A Lesson from the River: Navigating Digital Transformation in Higher Education

Elisha Allen, Director, Online Strategies and Academic Technologies, the University of New Mexico

Elisha Allen, Director, Online Strategies and Academic Technologies, the University of New Mexico

For institutions to survive in an increasingly digital world and prepare our students to thrive there, digital transformation is a growing imperative. To get there, I’m happy to take a lesson from a fish

Although I’ve had unfortunate occasions where I’ve had to respond to rooms damaged by flooding, waterproof boots and waders are seldom needed to support teaching and learning technologies.

Nevertheless, standing in a stream in northern New Mexico with a fly rod in my hand inspired this article. As an expert in some things and a novice in many, I recently leaned on my adventurous spirit and signed up for a fly-fishing lesson. My beginner’s mind was not disappointed.

The first thing we learned was to look at the river and consider the behavior of the fish living there. To catch a fish, you must go where they are and consider what they need. In a river, fish look upstream for the insects and worms that inhabit the water and float down with the current. It is precisely the energy and the chaos of the current that bring food to help fish thrive and grow. However, spending too much time in that current is exhausting.

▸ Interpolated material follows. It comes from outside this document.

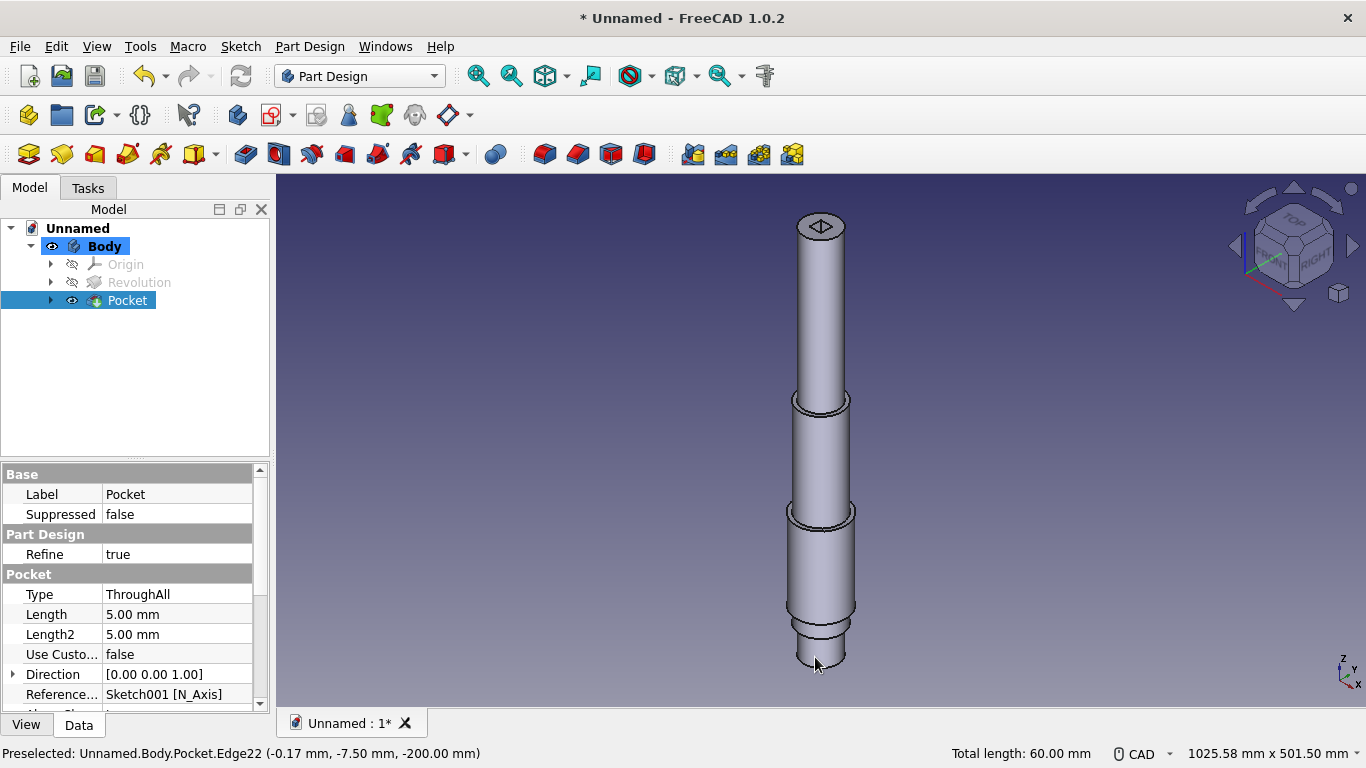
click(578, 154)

It’s needless effort to swim constantly and go nowhere. When they find the right spot, they can stay in the relatively calm and safe protected waters while the fast current nearby brings them what they need. Rather than expending energy on locomotion, they can use it to recognize and discern items of value.

For universities, the last 30 years have brought a constant stream of technologies to support and improve everything from teaching and learning to the back-end systems that facilitate the administrative work of the university. From the Covid-19 pandemic to the disruptive impacts of artificial intelligence, the speed of that current seems to be accelerating. Our job as educational technologists is to look up that river, find the tools and innovations to benefit our students, faculty and staff and try not to catch a shiny hook by mistake. If we can do that without wasting time and energy on projects that go nowhere, we provide more value to our institutions and more peace of mind to ourselves.

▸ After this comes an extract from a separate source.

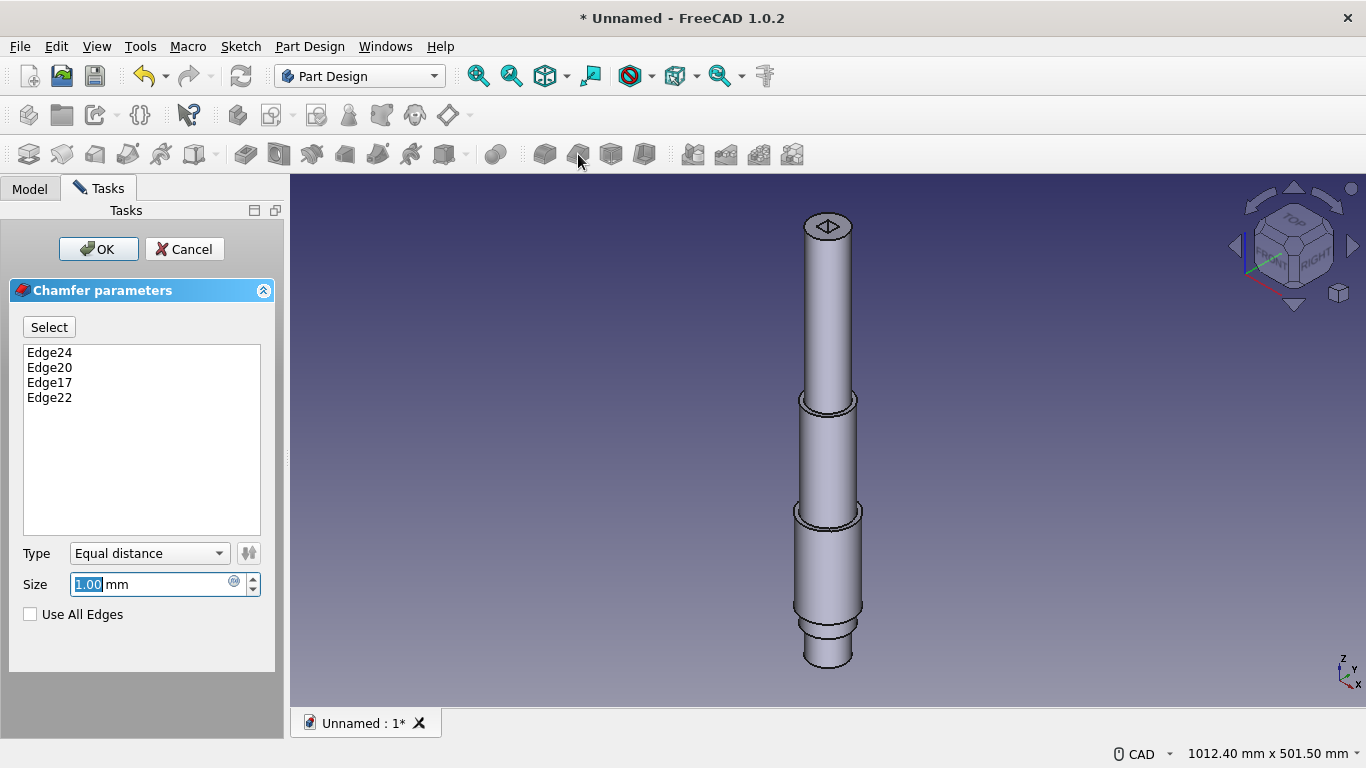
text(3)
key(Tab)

“For institutions to survive in an increasingly digital world and prepare our students to thrive there, digital transformation is a growing imperative. To get there, I’m happy to take a lesson from a fish”

The reality is that many of these coming innovations are beneficial. Computers and audiovisual systems in classrooms allow faculty to incorporate rich media and analytic tools into instruction, Learning Management Systems allow faculty to supplement instruction with online content or to deliver classes in their entirety online. Web conferencing facilitates communication and collaboration in ways that would have been difficult even ten years ago. Customer Relationship Management systems give students clearer interaction points with support and advising resources at their schools. Learning analytics tools allow institutions to better understand the individual and collective needs of the people they serve. The examples above are just a few ways technology has become integral to our institutions.

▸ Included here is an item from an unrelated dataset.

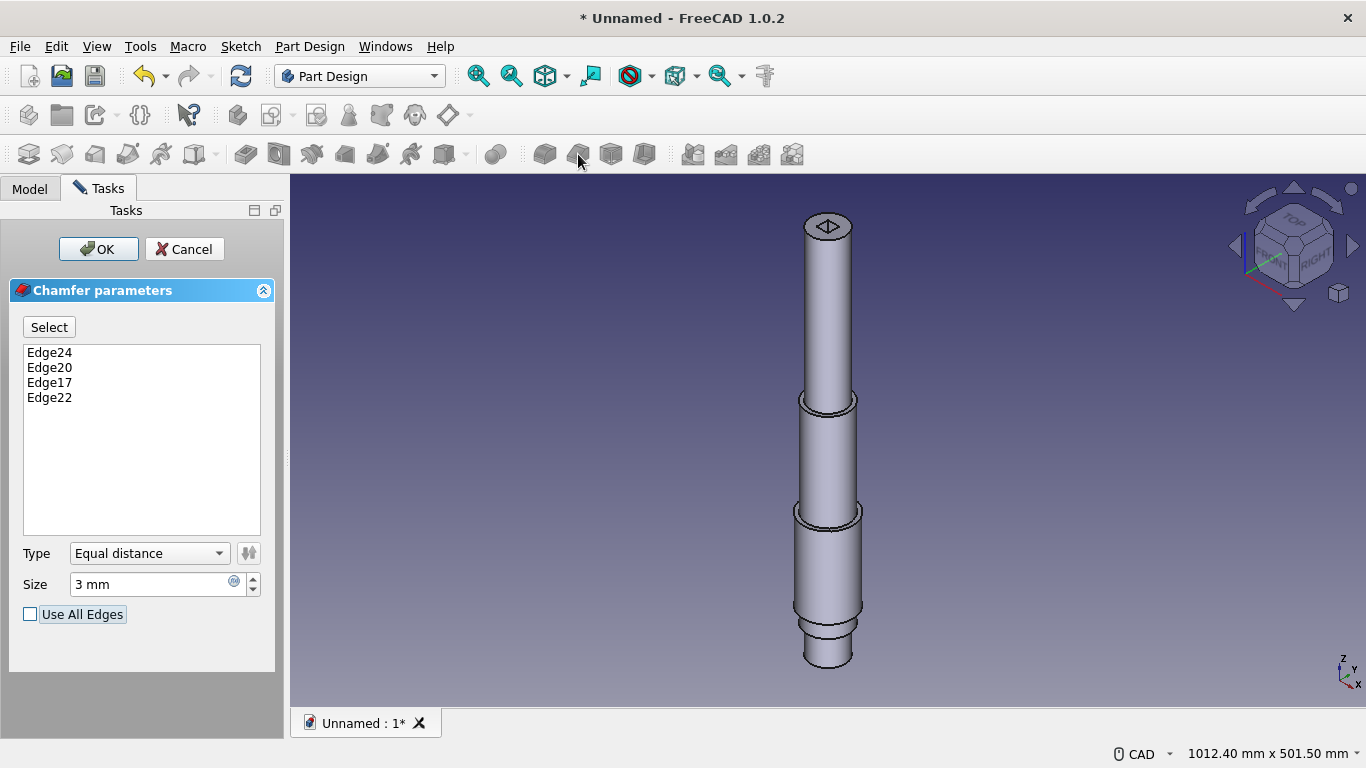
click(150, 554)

The pace of technological change would have been reason enough to evaluate opportunities, needs and resources thoughtfully. The introduction of Artificial Intelligence is acting as an accelerant for how digital tools impact the university. Beyond the simple addition of a new version of something that we have seen before, Artificial Intelligence is putting new powers into the hands of every individual: powers to increase personalization, to scale activities, to create new works and representative agents, to understand massive data sets and to augment human capacity in significant, previously (and currently!) unimaginable ways. Like any disruptive tool, AI requires us to rethink many assumptions. In the educational space, this includes assumptions about what we want students to know, how we encourage intellectual development, what kinds of projects support their learning and how we assess whether the learning has succeeded. Like any powerful tool, AI also provides avenues for abuse and misuse. Navigating these issues requires attention and strategy. Most importantly, it requires understanding our environmental context including external forces, and a response grounded in institutional goals and mission.

The collective and growing adoption of these technologies in colleges and universities worldwide creates a choice and a challenge for institutions. New opportunities can sometimes feel like a swollen river after a summer monsoon: there is just too much all at once. The turbulent center of that flow is an ad hoc approach where those technologies land wherever they catch within the institution. The stagnant water is far to the side where no innovation is happening and nothing ever moves. The strategic decision is that of the fish: close to the flow but not fighting with it. I see that position in IT parlance as a place where a digital transformation is possible. Digital transformation is not just about digitizing a process.

Instead, true digital transformation involves stakeholders and begins with a holistic look at how to best leverage technology to thoughtfully redesign the institution while keeping humans, education and mission at the center. For institutions to survive in an increasingly digital world and prepare our students to thrive there, digital transformation is a growing imperative. To get there, I’m happy to take a lesson from a fish.